Pour être complètement logique dans MA démarche d’entrepreneure (je parle bien de moi et pas des autres) j’ai donc choisi de faire des créations ENTIÈREMENT made in France. En plus ça collait avec mes valeurs donc banco !

À la recherche du graal

Je me suis donc lancée dans une recherche fastidieuse : je voulais des fournisseurs français ! Il en existe mais ce sont des Charlie : ils sont bien cachés (pardon, pardon, pardon pour cette blague). Ce sont souvent des petites structures, à la limite de l’artisanat parfois. J’essaie de prendre les plus proches de chez moi pour éviter du kilométrage et donc de l’essence (parce que la livraison de laine en vélo j’en suis pas encore là, j’habite dans les Alpes je vous rappelle).

Au-delà des fournisseurs français il faut aussi s’assurer que les matières soient écologiques. Par exemple j’ai choisi de ne pas crocheter de coton pur car c’est un produit très gourmand en eau et en produits chimiques. Pour les pièces comme les sacs j’ai trouvé un coton régénéré c’est-à-dire issu d’anciennes pièces de coton ce qui évite d’en refaire pousser et de le teindre à nouveau. Je peux aussi me diriger vers un mélange coton/lin ou du 100% lin ou du chanvre mais là encore les fournisseurs sont très compliqué à trouver (surtout pour mes petites quantités).

Pour aller au bout de ma démarche (parce que je suis un peu têtue, avouons-le), j’essaie de faire attention à TOUS les fournisseurs : mes étiquettes sont françaises en papier imitation cuir, mes cartes de visites sont françaises en papier ensemencé (vous savez, avec des petites graines dedans !), mes boutons sont français d’une usine de Picardie, mes attaches de sac magnétiques sont… allemandes ! Et oui, c’est un travail encore en cours… Tout est perfectible.

Un coût pour les entreprises… et les clients !

Dans ce parcours du combattant j’ai découvert une notion que je n’avais fait qu’effleurer quand j’étais une consommatrice “lambda” (dirons-nous) : on vit dans un monde où un produit qui pollue, qui tue des gens et qui vient de loin est moins cher et plus facile à trouver qu’un produit français, écologique et éthique.

Et comme je suis un peu caractérielle (après tout je suis Une Maille Rebelle), cette situation m’agace profondément… CE N’EST PAS LOGIQUE B***** ! Expliquez-moi, alors qu'on est censé sauver le monde, pourquoi on ne trouve pas le moyen de privilégier les achats locaux, au moins au niveau professionnel ?

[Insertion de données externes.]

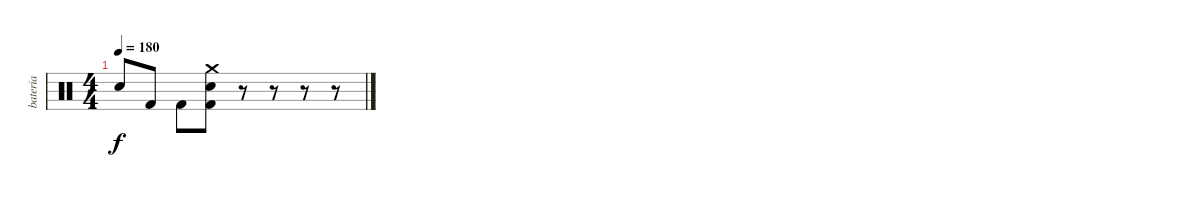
\track ("bateria" "bateria") {instrument percussion}
\staff {score}
\articulation defaults
\ts (4 4)
\tempo 180
\clef neutral
\ks c "Electric Snare (hit)".8{dy f} "Kick (hit) 2".8 "Kick (hit) 2".8
("Crash medium (hit)" "Kick (hit) 2" "Electric Snare (hit)").8 r.8 r.8 r.8 r.8
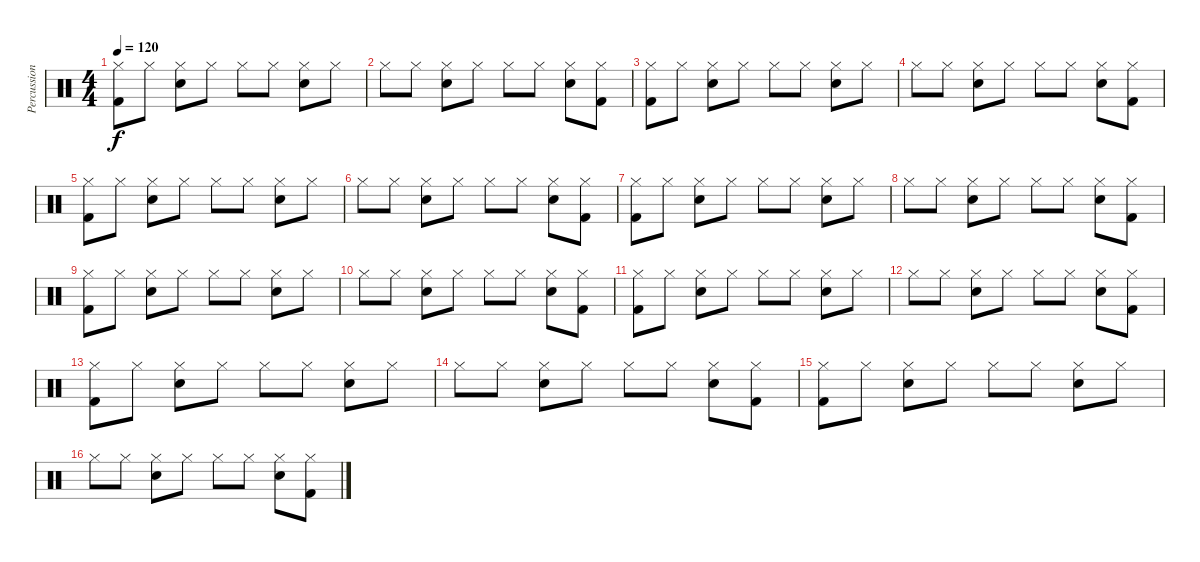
\track ("Percussions" "Percussion") {instrument percussion}
\staff {score}
\articulation defaults
\ts (4 4)
\tempo 120
\clef neutral
\ks c
("Hi-Hat (closed)" "Kick (hit) 2").8{dy f} "Hi-Hat (closed)".8 ("Hi-Hat (closed)" "Electric Snare (hit)").8 "Hi-Hat (closed)".8 "Hi-Hat (closed)".8 "Hi-Hat (closed)".8 ("Hi-Hat (closed)" "Electric Snare (hit)").8 "Hi-Hat (closed)".8 |
"Hi-Hat (closed)".8 "Hi-Hat (closed)".8 ("Hi-Hat (closed)" "Electric Snare (hit)").8 "Hi-Hat (closed)".8 "Hi-Hat (closed)".8 "Hi-Hat (closed)".8 ("Hi-Hat (closed)" "Electric Snare (hit)").8 ("Hi-Hat (closed)" "Kick (hit) 2").8 |
("Hi-Hat (closed)" "Kick (hit) 2").8 "Hi-Hat (closed)".8 ("Hi-Hat (closed)" "Electric Snare (hit)").8 "Hi-Hat (closed)".8 "Hi-Hat (closed)".8 "Hi-Hat (closed)".8 ("Hi-Hat (closed)" "Electric Snare (hit)").8 "Hi-Hat (closed)".8 |
"Hi-Hat (closed)".8 "Hi-Hat (closed)".8 ("Hi-Hat (closed)" "Electric Snare (hit)").8 "Hi-Hat (closed)".8 "Hi-Hat (closed)".8 "Hi-Hat (closed)".8 ("Hi-Hat (closed)" "Electric Snare (hit)").8 ("Hi-Hat (closed)" "Kick (hit) 2").8 |
("Hi-Hat (closed)" "Kick (hit) 2").8 "Hi-Hat (closed)".8 ("Hi-Hat (closed)" "Electric Snare (hit)").8 "Hi-Hat (closed)".8 "Hi-Hat (closed)".8 "Hi-Hat (closed)".8 ("Hi-Hat (closed)" "Electric Snare (hit)").8 "Hi-Hat (closed)".8 |
"Hi-Hat (closed)".8 "Hi-Hat (closed)".8 ("Hi-Hat (closed)" "Electric Snare (hit)").8 "Hi-Hat (closed)".8 "Hi-Hat (closed)".8 "Hi-Hat (closed)".8 ("Hi-Hat (closed)" "Electric Snare (hit)").8 ("Hi-Hat (closed)" "Kick (hit) 2").8 |
("Hi-Hat (closed)" "Kick (hit) 2").8 "Hi-Hat (closed)".8 ("Hi-Hat (closed)" "Electric Snare (hit)").8 "Hi-Hat (closed)".8 "Hi-Hat (closed)".8 "Hi-Hat (closed)".8 ("Hi-Hat (closed)" "Electric Snare (hit)").8 "Hi-Hat (closed)".8 |
"Hi-Hat (closed)".8 "Hi-Hat (closed)".8 ("Hi-Hat (closed)" "Electric Snare (hit)").8 "Hi-Hat (closed)".8 "Hi-Hat (closed)".8 "Hi-Hat (closed)".8 ("Hi-Hat (closed)" "Electric Snare (hit)").8 ("Hi-Hat (closed)" "Kick (hit) 2").8 |
("Hi-Hat (closed)" "Kick (hit) 2").8 "Hi-Hat (closed)".8 ("Hi-Hat (closed)" "Electric Snare (hit)").8 "Hi-Hat (closed)".8 "Hi-Hat (closed)".8 "Hi-Hat (closed)".8 ("Hi-Hat (closed)" "Electric Snare (hit)").8 "Hi-Hat (closed)".8 |
"Hi-Hat (closed)".8 "Hi-Hat (closed)".8 ("Hi-Hat (closed)" "Electric Snare (hit)").8 "Hi-Hat (closed)".8 "Hi-Hat (closed)".8 "Hi-Hat (closed)".8 ("Hi-Hat (closed)" "Electric Snare (hit)").8 ("Hi-Hat (closed)" "Kick (hit) 2").8 |
("Hi-Hat (closed)" "Kick (hit) 2").8 "Hi-Hat (closed)".8 ("Hi-Hat (closed)" "Electric Snare (hit)").8 "Hi-Hat (closed)".8 "Hi-Hat (closed)".8 "Hi-Hat (closed)".8 ("Hi-Hat (closed)" "Electric Snare (hit)").8 "Hi-Hat (closed)".8 |
"Hi-Hat (closed)".8 "Hi-Hat (closed)".8 ("Hi-Hat (closed)" "Electric Snare (hit)").8 "Hi-Hat (closed)".8 "Hi-Hat (closed)".8 "Hi-Hat (closed)".8 ("Hi-Hat (closed)" "Electric Snare (hit)").8 ("Hi-Hat (closed)" "Kick (hit) 2").8 |
("Hi-Hat (closed)" "Kick (hit) 2").8 "Hi-Hat (closed)".8 ("Hi-Hat (closed)" "Electric Snare (hit)").8 "Hi-Hat (closed)".8 "Hi-Hat (closed)".8 "Hi-Hat (closed)".8 ("Hi-Hat (closed)" "Electric Snare (hit)").8 "Hi-Hat (closed)".8 |
"Hi-Hat (closed)".8 "Hi-Hat (closed)".8 ("Hi-Hat (closed)" "Electric Snare (hit)").8 "Hi-Hat (closed)".8 "Hi-Hat (closed)".8 "Hi-Hat (closed)".8 ("Hi-Hat (closed)" "Electric Snare (hit)").8 ("Hi-Hat (closed)" "Kick (hit) 2").8 |
("Hi-Hat (closed)" "Kick (hit) 2").8 "Hi-Hat (closed)".8 ("Hi-Hat (closed)" "Electric Snare (hit)").8 "Hi-Hat (closed)".8 "Hi-Hat (closed)".8 "Hi-Hat (closed)".8 ("Hi-Hat (closed)" "Electric Snare (hit)").8 "Hi-Hat (closed)".8 |
"Hi-Hat (closed)".8 "Hi-Hat (closed)".8 ("Hi-Hat (closed)" "Electric Snare (hit)").8 "Hi-Hat (closed)".8 "Hi-Hat (closed)".8 "Hi-Hat (closed)".8 ("Hi-Hat (closed)" "Electric Snare (hit)").8 ("Hi-Hat (closed)" "Kick (hit) 2").8

Parce que non seulement la recherche de fournisseurs français me prend du temps (et donc de l’argent), mais en plus les produits sont bien plus chers que si je les prenais en Chine. Ne serait-ce qu’en frais de port : un produit qui fait moins de 500 bornes me coûte plus d’argent qu’un produit qui en a fait 8000. Prenez deux minutes pour y réfléchir.

Alors je sais, le coût du travail, l’économie d’échelle, les règles du commerce, bla bla bla… Je comprends pourquoi un produit chinois est moins cher qu’un produit français mais ce n’est pas pour autant que je trouve ça logique. Tout comme je ne trouve pas logique qu’un billet d’avion coûte moins cher qu’un voyage en train… Le problème est structurel.

J'essaie de ne pas vous parler de politique alors je vais m'arrêter là dans les considérations sur le commerce international mais je crois qu'on s'est compris. 

Du coup des vêtements au crochet écologiques, c'est possible ? Oui et non. Oui car je m'efforce d'avoir le moins d'impact possible dans ma production, non car il y aura toujours un impact, même minime. Je crois que toute création produit des déchets et de la pollution, même si on fait le plus attention possible. Ne serait-ce qu'avec le transport (dont la livraison). Il reste de nombreuses pistes d'amélioration, des matériaux de base à changer : par exemple quand j'utilise des perles je les achète à une entreprise française mais elle ne sont pas fabriquées dans le pays. Je me dis qu'au moins je paye des impôts français dessus... 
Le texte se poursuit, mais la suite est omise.